Growing up in Israel, soldiers were like gods, with their sharp uniforms, special shoes and barrette, unit emblems and all. Each one of them better looking than the other; they are all tall, charming, handsome, bright. As a child, you learn to look up to them with awe; you know they do “what they must” and at any moment, might be called to give the “ultimate sacrifice”, just so you can have a state and a safe home. You’re taught the verse “bemotam tzivu lanu et hachayim” – ‘dying, they commanded life to us’, and soon, though you don’t quite understand it, you hear it – and maybe even have the honor to recite it – especially on Yom Hazikaron, Memorial Day, when you stand respectfully, dressed in a white collared shirts and dark bottoms, to read mournful, heartbreaking stories, under the watchful eye of your teacher, her eyes hidden behind thick sunglasses.
It sucks that they have to die, but you’re ten or twelve, and they are giants of 18, 19 and 20, and you think, so it goes. Then you become 20, 21 and 22, and the name in the dark frame is your friend, your classmate, the guy you dance with, joke with, thought you’d have forever with to chat again at a street corner of your neighborhood; and you meet his parents, who turned ancient over night, at the cemetery gate and shiv’a calls; and you and your friends hug each other and cry together, and you think you’re all adults and so very grown-up, and this is “the price we all must pay”, and so it goes and so it must go-on.

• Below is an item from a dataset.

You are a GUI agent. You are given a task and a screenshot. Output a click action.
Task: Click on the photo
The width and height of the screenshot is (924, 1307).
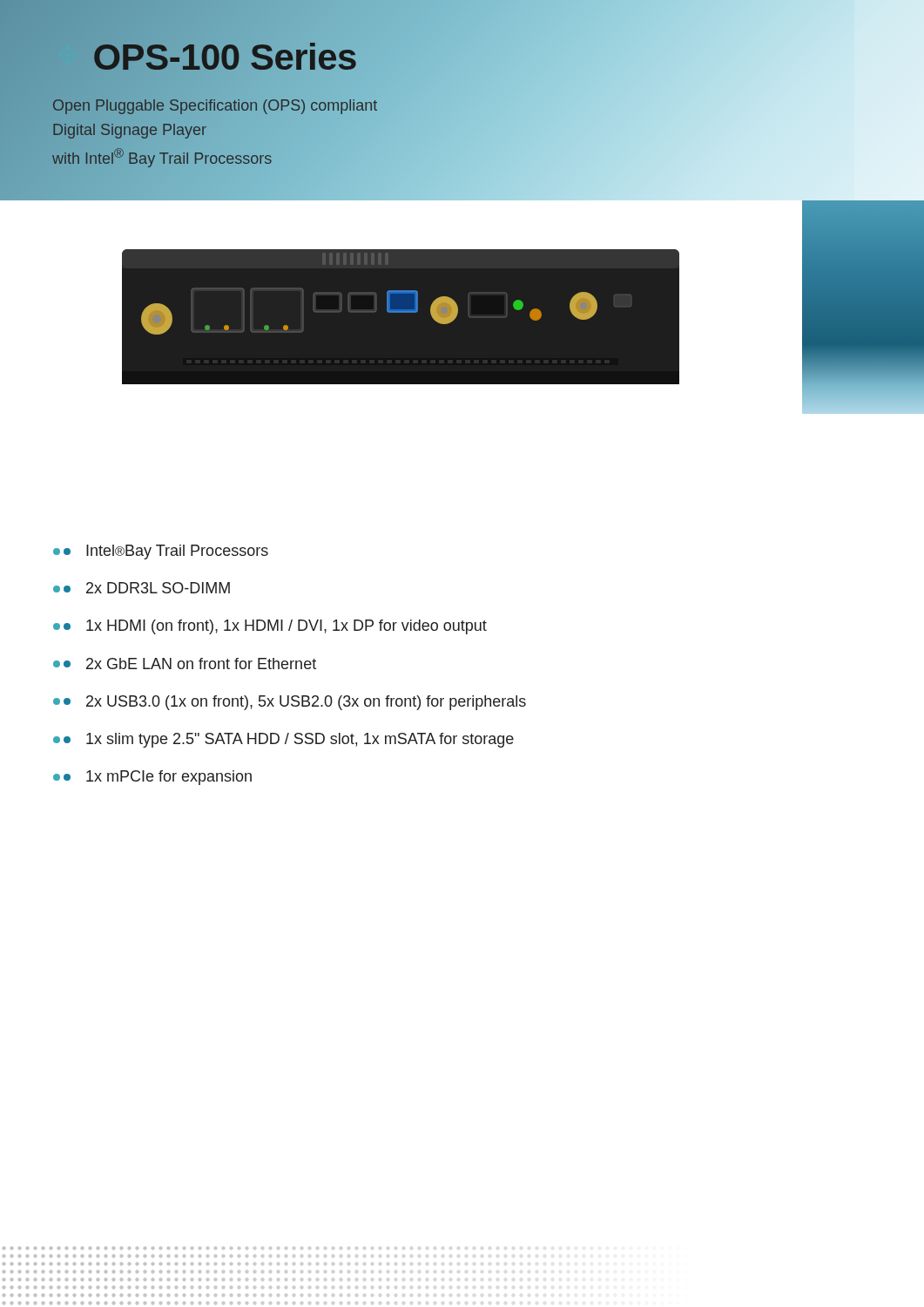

And then one day, all of a sudden, you are your teacher; the one who came to school on Yom Hazikaron in her dark sunglasses so no one will see her red eyes; the one who asked the students to read the heart wrenching poetry so no one will hear her broken voice. You look back at your friend’s faded photos and it just hits you; and you realize that those mighty soldiers are just kids; and you’re tired of tragedies and pain, and poignant stories and touching poetry; and you know this is not how it goes; this it not how it has to go; and your heart doubly breaks, for the loss itself and for its continuation; and for the first time you stop and wonder, if maybe, after all, when they commanded us life, didn’t they also ask us to at least make a better effort in finding another way.